HP7 Part 2

HP7 Part 2 
Harry Potter and the Deathly Hallows, Part 2 opens this coming Friday, July 15 with stroke-of-midnight showings across the country. No surprises for those of us who followed the series and faithfully read each book soon as it came out. All the same, the movie will be exciting, seen and heard, experienced externally instead of only in the imagination of reading. But reading also is exciting, though while the movie is never as good as the book, the story is more fun in a crowd.

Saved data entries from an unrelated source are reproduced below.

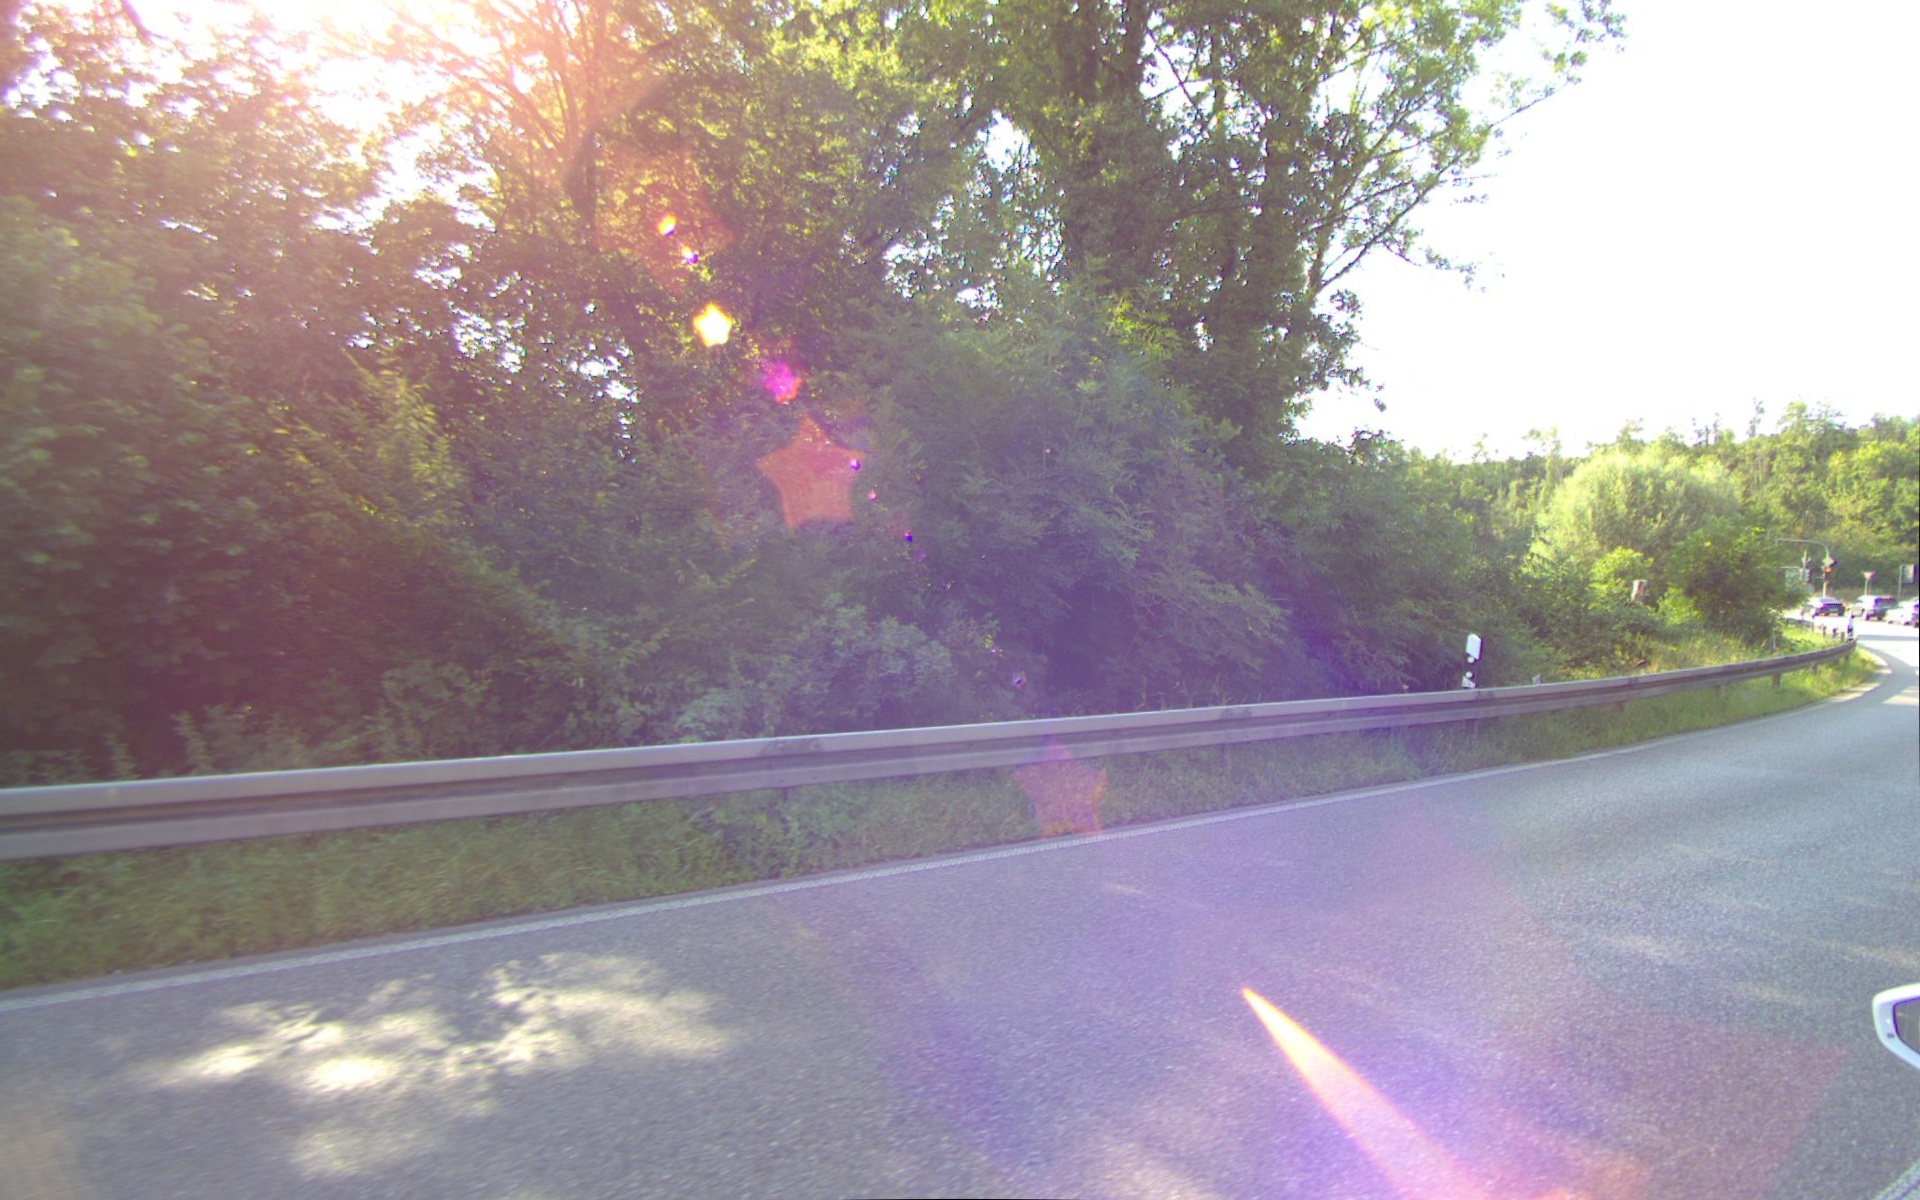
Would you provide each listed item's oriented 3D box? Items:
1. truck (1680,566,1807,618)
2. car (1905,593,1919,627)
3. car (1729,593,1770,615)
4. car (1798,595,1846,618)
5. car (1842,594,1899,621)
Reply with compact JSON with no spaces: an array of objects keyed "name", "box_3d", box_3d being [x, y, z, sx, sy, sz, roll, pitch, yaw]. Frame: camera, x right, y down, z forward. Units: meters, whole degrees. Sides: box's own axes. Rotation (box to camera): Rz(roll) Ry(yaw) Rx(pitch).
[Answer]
[{"name":"truck","box_3d":[75.972,-0.784,97.487,10.044,4.647,3.020,2,2,-3]},{"name":"car","box_3d":[54.546,0.572,55.884,1.927,1.876,3.993,0,0,29]},{"name":"car","box_3d":[58.484,0.247,74.461,1.840,1.586,3.992,0,0,30]},{"name":"car","box_3d":[65.455,0.479,76.335,1.839,1.586,3.995,3,2,27]},{"name":"car","box_3d":[61.858,0.472,68.318,1.839,1.616,3.994,3,2,28]}]
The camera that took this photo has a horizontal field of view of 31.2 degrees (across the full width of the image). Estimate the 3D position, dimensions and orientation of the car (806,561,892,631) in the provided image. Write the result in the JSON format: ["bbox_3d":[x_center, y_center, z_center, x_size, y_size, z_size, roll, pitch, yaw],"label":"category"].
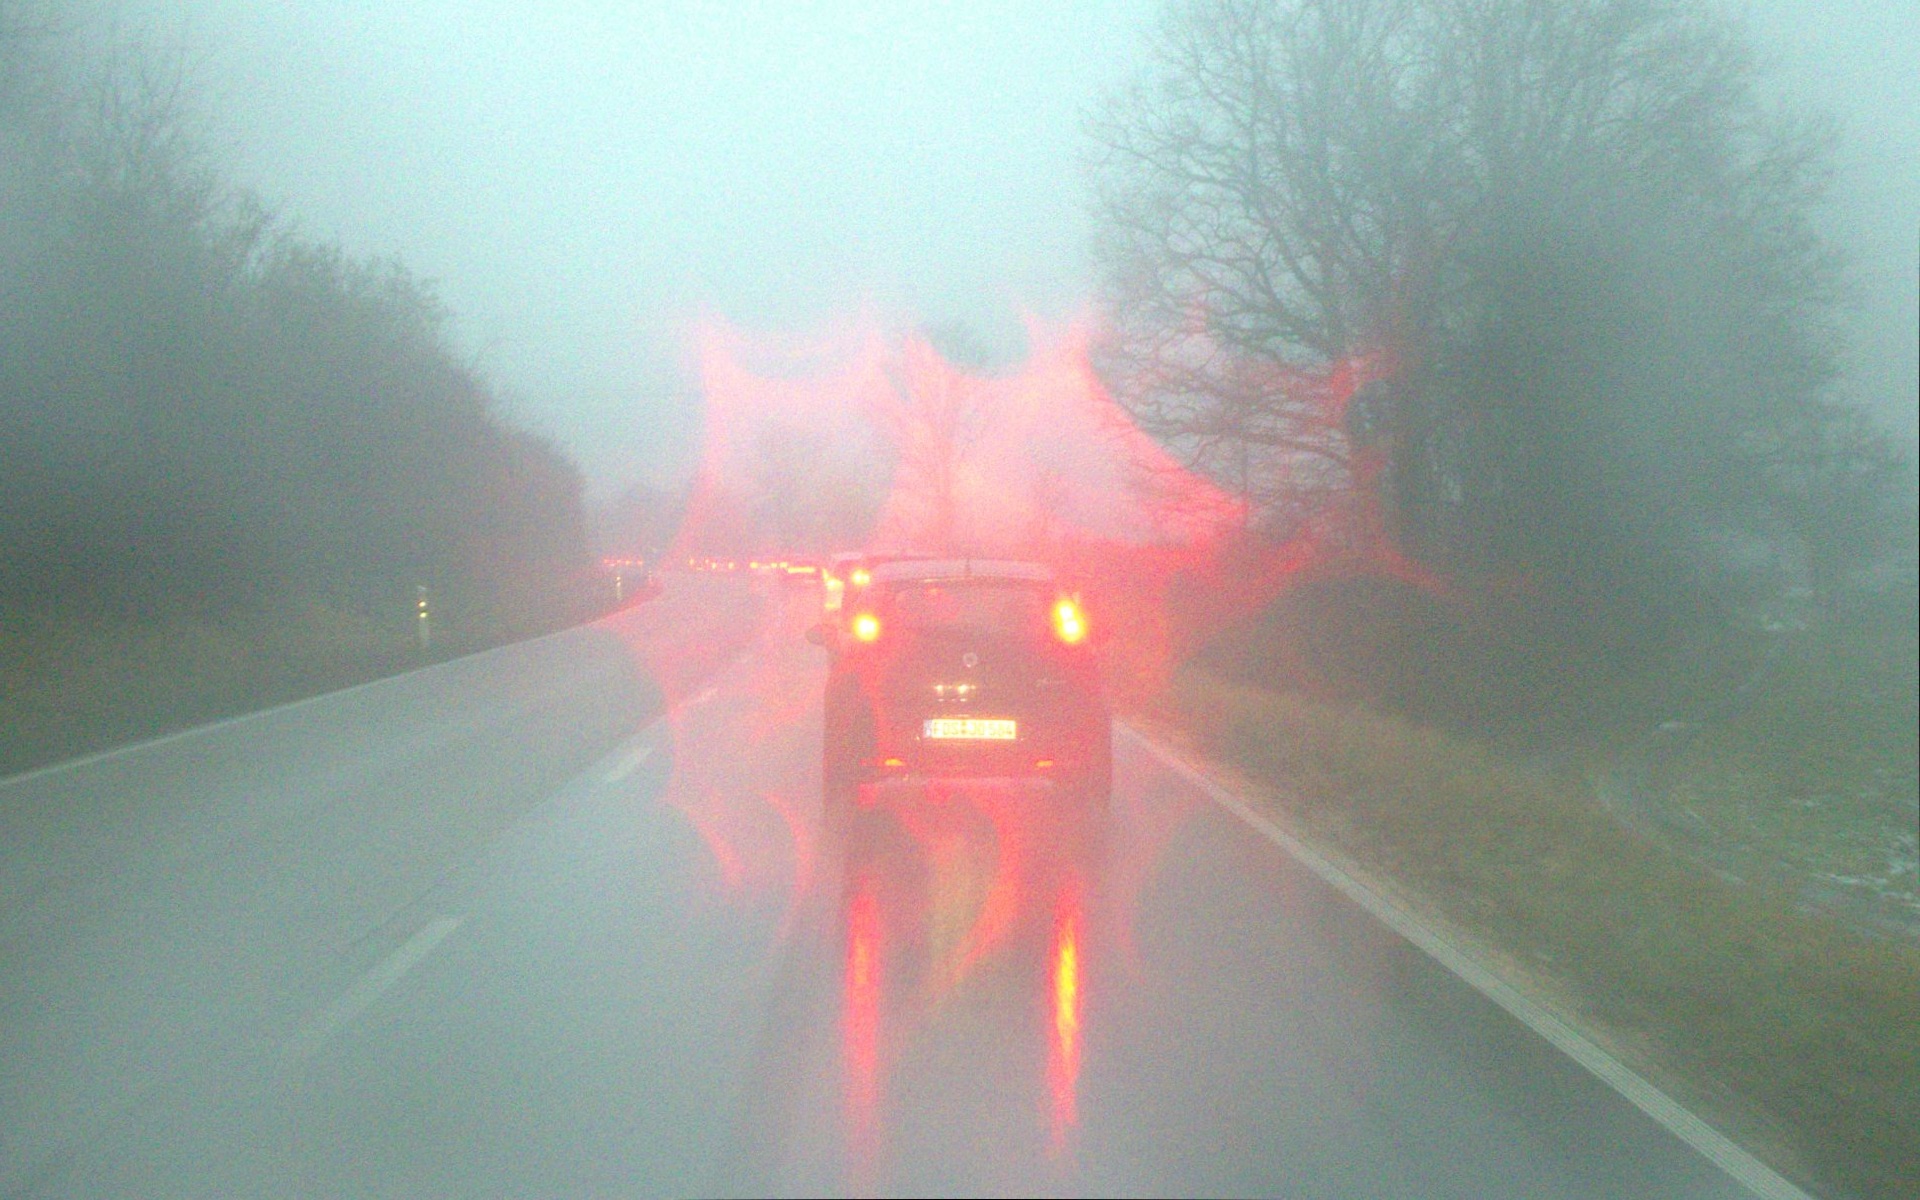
[{"bbox_3d":[-2.292,-0.098,71.793,1.547,1.392,3.869,1,1,1],"label":"car"}]

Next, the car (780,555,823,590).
[{"bbox_3d":[-6.440,-1.139,139.985,1.547,1.392,3.869,1,1,0],"label":"car"}]

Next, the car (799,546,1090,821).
[{"bbox_3d":[-0.018,0.447,21.221,1.602,1.517,3.869,1,1,2],"label":"car"}]

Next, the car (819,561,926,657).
[{"bbox_3d":[-1.308,0.111,52.371,1.547,1.392,3.869,1,1,0],"label":"car"}]
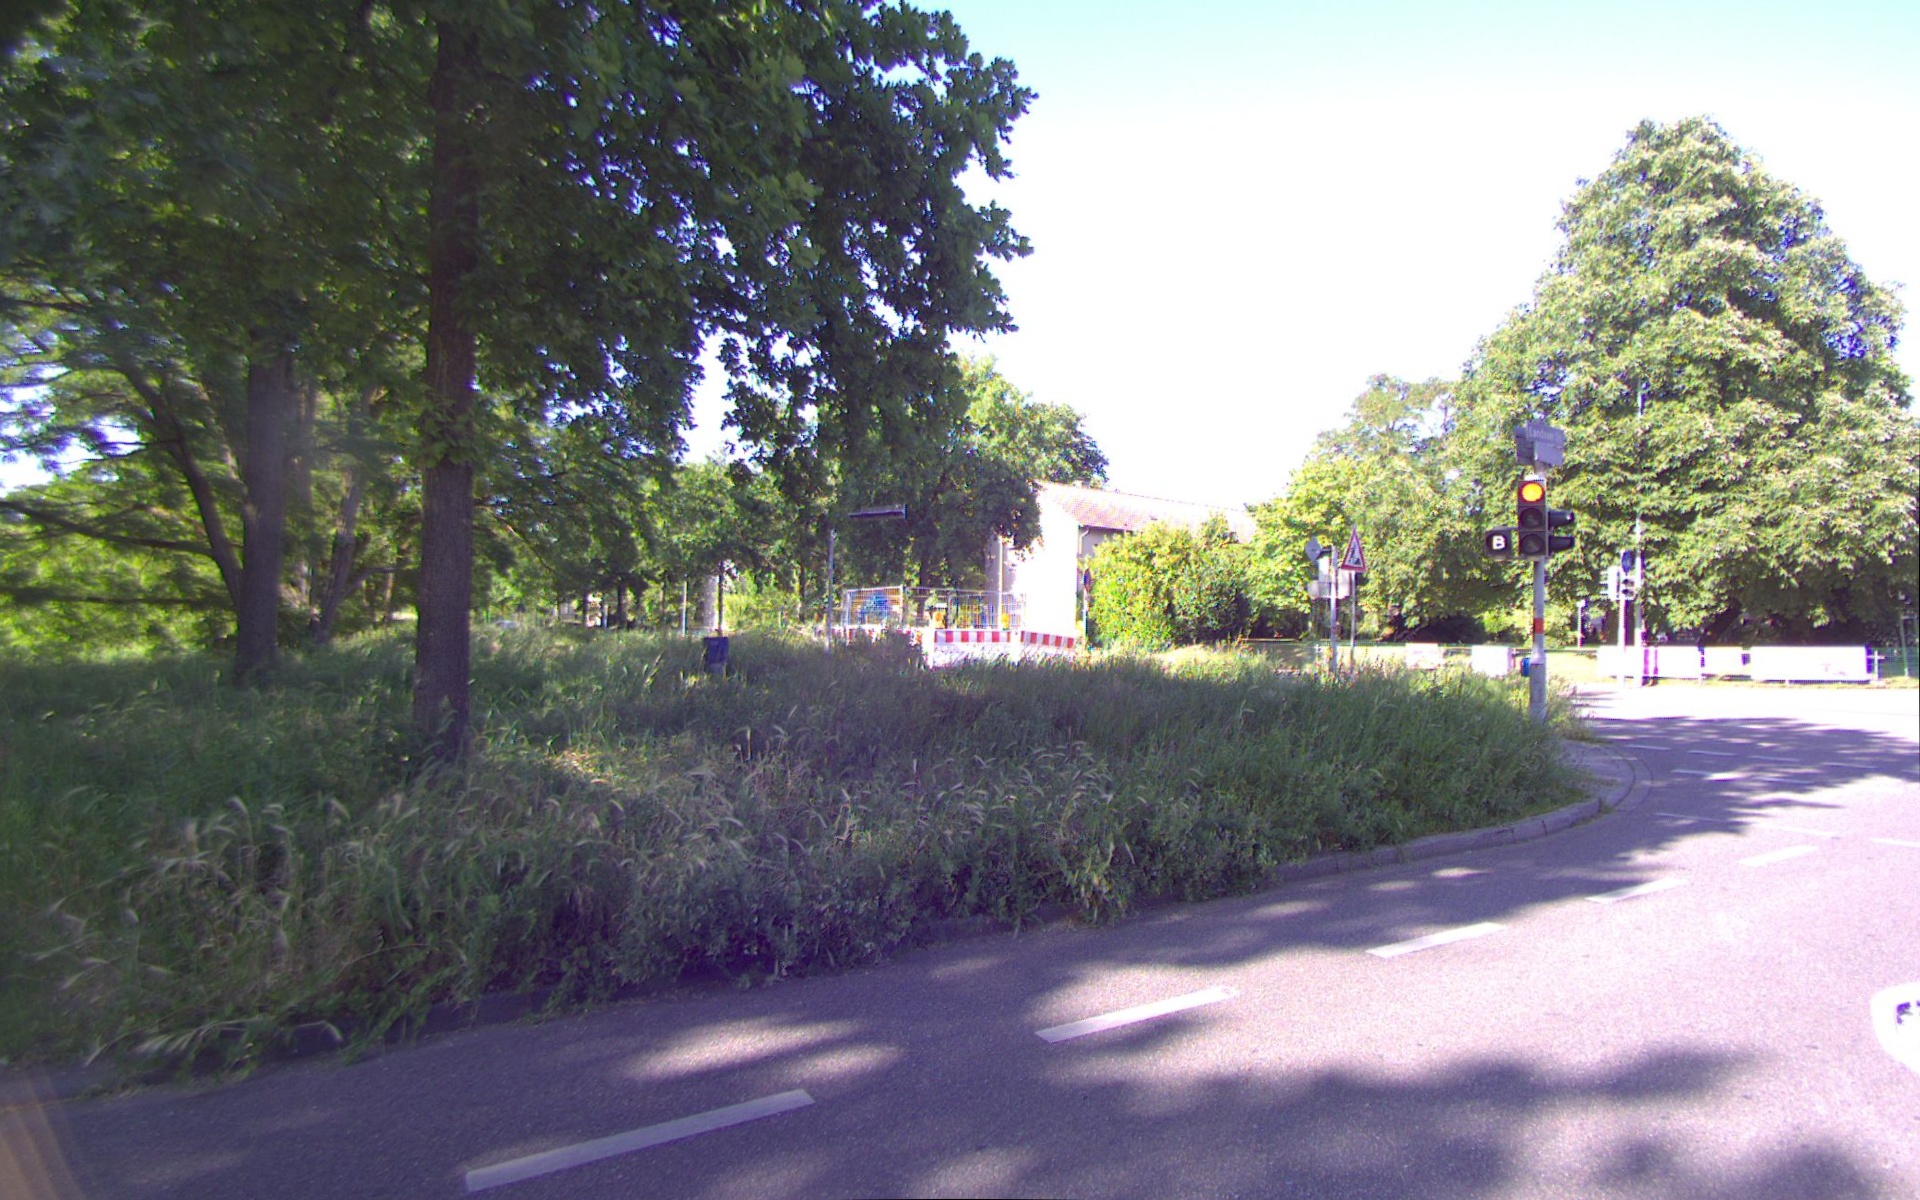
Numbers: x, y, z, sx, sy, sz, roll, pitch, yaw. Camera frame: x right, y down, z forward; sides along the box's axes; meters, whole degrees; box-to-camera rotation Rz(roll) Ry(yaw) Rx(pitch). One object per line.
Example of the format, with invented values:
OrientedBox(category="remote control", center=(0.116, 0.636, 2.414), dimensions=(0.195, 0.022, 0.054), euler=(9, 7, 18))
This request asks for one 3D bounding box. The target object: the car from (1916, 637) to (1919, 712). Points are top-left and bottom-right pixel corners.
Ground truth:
OrientedBox(category="car", center=(20.677, 1.396, 18.171), dimensions=(1.983, 1.449, 4.691), euler=(2, -3, -39))

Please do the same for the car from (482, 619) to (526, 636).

Track One of the Revised Common Lectionary is reading and hearing Bible stories from the Old Testament. The stories stir imagination, also stirring memories for those of us who heard and read them as children, and likely colored pictures and did crafts about them in Sunday school class. In today’s Bible story, Jacob sells his brother Esau a bowl of red bean stew. The price is dear: Esau’s inheritance as firstborn son. Perhaps the most expensive bowl of stew ever cooked and sold, bought and consumed.
Esau was a simple man who trusted his brother. Jacob was a greedy schemer. A good lawyer could have gotten Esau out of the birthright contract on the basis that the bowl of stew was not Jacob’s property to sell. Besides, the contract was not written down, and apparently there were no witnesses, so it could have been one brother’s word against the other. But then, Esau would not have lied in court. Still, surely, no jury would have found for Jacob in such an outrageous deal. 
As it happened, Jacob later fled the scene anyway before he had a chance to claim Esau's inheritance.  
Most of us have waited ten years for HP7 Part 2. We won’t be at the midnight showing of HP7 Part 2 at the IMAX theater, PCB. We’ll be there later though.

And we’ll be at church this morning to hear the Jacob and Esau story. With the crowd.